Pass in an object as the second argument to perform interpolation.

polyglot.t('hello_name', { name: 'Spike' }) // Hello, Spike.

Pass a number as the second argument as a shortcut to smart_count:

// same as: polyglot.t("car", {smart_count: 2});
polyglot.t('car', 2) // 2 cars

If you like, you can provide a default value in case the phrase is missing. Use the special option key "_" to specify a default.

polyglot.t('i_like_to_write_in_language', {
  _: 'I like to write in %{language}.',
  language: 'JavaScript'
}) // I like to write in JavaScript.

Polyglot.extend(phrases)

Use extend to tell Polyglot how to translate a given key.

polyglot.extend({
  hello: 'Hello',
  hello_name: 'Hello, %{name}'
})

The key can be any string. Feel free to call extend multiple times; it will override any phrases with the same key, but leave existing phrases untouched.

Polyglot.unset(keyOrObject)

Use unset to selectively remove keys from a polyglot instance. unset accepts one argument: either a single string key, or an object whose keys are string keys, and whose values are ignored unless they are nested objects (in the same format).

Example:

polyglot.unset('some_key')
polyglot.unset({
  hello: 'Hello',
  hello_name: 'Hello, %{name}',
  foo: {
    bar: 'This phrase’s key is "foo.bar"'
  }
})

Polyglot.locale([localeToSet])

Get or set the locale (also can be set using the constructor option, which is used only for pluralization. If a truthy value is provided, it will set the locale. Afterwards, it will return it.

Polyglot.clear()

Clears all phrases. Useful for special cases, such as freeing up memory if you have lots of phrases but no longer need to perform any translation. Also used internally by replace.

Polyglot.replace(phrases)

Completely replace the existing phrases with a new set of phrases.

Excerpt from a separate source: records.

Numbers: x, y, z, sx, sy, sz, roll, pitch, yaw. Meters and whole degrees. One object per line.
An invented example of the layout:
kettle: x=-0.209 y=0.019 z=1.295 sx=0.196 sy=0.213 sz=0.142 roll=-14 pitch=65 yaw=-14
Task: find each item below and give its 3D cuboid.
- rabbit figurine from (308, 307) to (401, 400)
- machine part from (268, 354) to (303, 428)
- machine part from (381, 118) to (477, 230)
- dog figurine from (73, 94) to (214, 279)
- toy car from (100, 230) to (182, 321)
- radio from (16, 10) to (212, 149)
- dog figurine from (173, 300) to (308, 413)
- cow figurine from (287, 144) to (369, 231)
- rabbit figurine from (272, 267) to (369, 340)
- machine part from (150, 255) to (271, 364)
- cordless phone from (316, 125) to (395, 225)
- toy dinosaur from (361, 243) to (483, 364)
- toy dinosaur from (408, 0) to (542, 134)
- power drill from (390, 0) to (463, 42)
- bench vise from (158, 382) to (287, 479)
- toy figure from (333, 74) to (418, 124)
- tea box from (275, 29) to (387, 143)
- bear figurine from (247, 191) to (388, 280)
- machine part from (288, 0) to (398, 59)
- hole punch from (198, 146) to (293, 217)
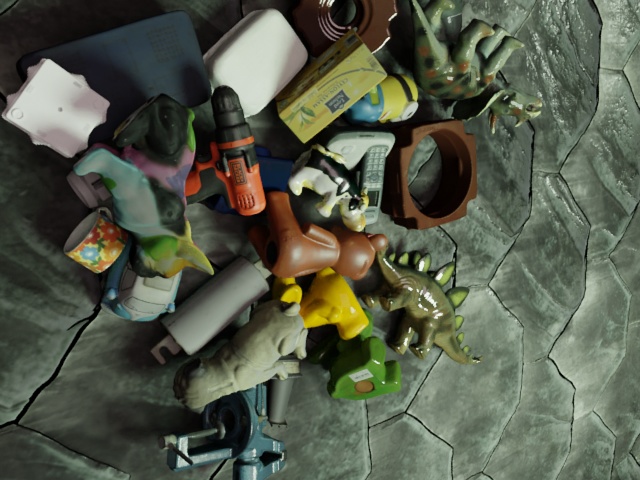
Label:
rabbit figurine: x=0.067 y=0.211 z=1.011 sx=0.159 sy=0.170 sz=0.121 roll=-33 pitch=123 yaw=24
machine part: x=-0.071 y=0.276 z=0.992 sx=0.084 sy=0.039 sz=0.138 roll=2 pitch=97 yaw=-42
machine part: x=0.210 y=-0.131 z=1.059 sx=0.201 sy=0.087 sz=0.200 roll=-15 pitch=107 yaw=-28
dog figurine: x=-0.199 y=-0.055 z=0.703 sx=0.191 sy=0.109 sz=0.219 roll=-43 pitch=117 yaw=-11
toy car: x=-0.248 y=0.051 z=0.792 sx=0.109 sy=0.103 sz=0.161 roll=22 pitch=90 yaw=-35
radio: x=-0.272 y=-0.220 z=0.739 sx=0.229 sy=0.073 sz=0.131 roll=-29 pitch=115 yaw=-23
dog figurine: x=-0.125 y=0.174 z=0.837 sx=0.190 sy=0.121 sz=0.172 roll=-13 pitch=129 yaw=-49
cow figurine: x=0.031 y=-0.088 z=0.905 sx=0.167 sy=0.068 sz=0.098 roll=36 pitch=119 yaw=-21
rabbit figurine: x=-0.023 y=0.128 z=0.949 sx=0.173 sy=0.122 sz=0.162 roll=-33 pitch=120 yaw=-2
machine part: x=-0.169 y=0.104 z=0.869 sx=0.243 sy=0.079 sz=0.079 roll=-39 pitch=118 yaw=-19
cordless phone: x=0.055 y=-0.114 z=0.966 sx=0.146 sy=0.089 sz=0.184 roll=-7 pitch=108 yaw=-32
toy dinosaur: x=0.227 y=0.151 z=1.120 sx=0.198 sy=0.105 sz=0.470 roll=-46 pitch=125 yaw=-20
toy dinosaur: x=0.247 y=-0.317 z=0.987 sx=0.404 sy=0.131 sz=0.192 roll=8 pitch=126 yaw=-34
power drill: x=0.181 y=-0.432 z=0.981 sx=0.207 sy=0.086 sz=0.231 roll=-16 pitch=113 yaw=-25
bench vise: x=-0.161 y=0.336 z=0.883 sx=0.240 sy=0.129 sz=0.223 roll=11 pitch=86 yaw=-51
toy figure: x=0.100 y=-0.254 z=0.966 sx=0.180 sy=0.082 sz=0.089 roll=-8 pitch=105 yaw=-29
tea box: x=0.013 y=-0.246 z=0.858 sx=0.169 sy=0.098 sz=0.068 roll=-36 pitch=122 yaw=17
bear figurine: x=0.000 y=0.001 z=0.883 sx=0.196 sy=0.132 sz=0.120 roll=-4 pitch=140 yaw=-32
machine part: x=0.039 y=-0.371 z=0.874 sx=0.179 sy=0.056 sz=0.179 roll=-3 pitch=120 yaw=-6
hole punch: x=-0.114 y=-0.093 z=0.859 sx=0.142 sy=0.092 sz=0.115 roll=2 pitch=102 yaw=-37
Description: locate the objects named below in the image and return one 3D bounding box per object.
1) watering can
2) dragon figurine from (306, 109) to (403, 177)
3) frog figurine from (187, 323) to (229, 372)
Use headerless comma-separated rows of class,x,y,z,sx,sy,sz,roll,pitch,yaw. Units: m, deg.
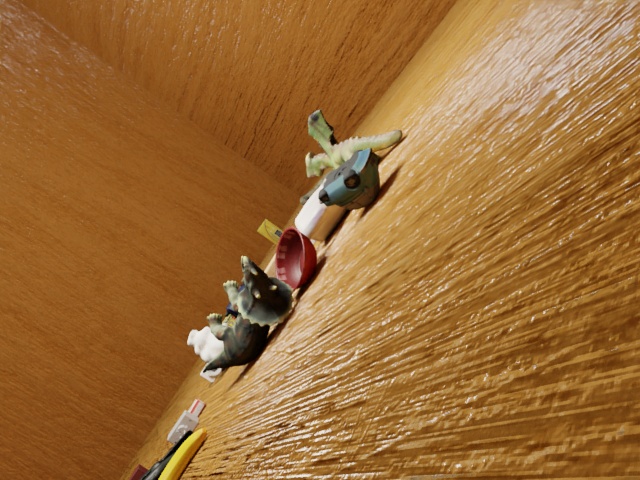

Normally, just use extend to add more phrases, but under certain circumstances, you may want to make sure no old phrases are lying around.

Polyglot.has(key)

Returns true if the key does exist in the provided phrases, otherwise it will return false.

Public Static Methods

transformPhrase(phrase[, substitutions[, locale]])

Takes a phrase string and transforms it by choosing the correct plural form and interpolating it. This method is used internally by t. The correct plural form is selected if substitutions.smart_count is set. You can pass in a number instead of an Object as substitutions as a shortcut for smart_count. You should pass in a third argument, the locale, to specify the correct plural type. It defaults to 'en' which has 2 plural forms.

Development

  1. Run pnpm install to install the dependencies.
  2. Run pnpm dev to start the bundle.
  3. Run pnpm lint to lint the code. (You can also run pnpm lint:fix to fix the linting errors.)
  4. Run pnpm test to run the tests. (You can also run pnpm test:watch to run the tests in watch mode.)

TODO

  • [ ] Add more tests
  • [ ] Add more documentation
  • [ ] Add more examples
  • [ ] Path auto language files import

Source

The project will continue by translating TS from airbnb polyglot.js codes and adding additional features. The codes in some places have changed. Thank you airbnb. ❤️

Thanks

  • Type safety is inspired by nestjs-i18n. Thank you @toonvanstrijp. ❤️

License

This project is licensed under the MIT License.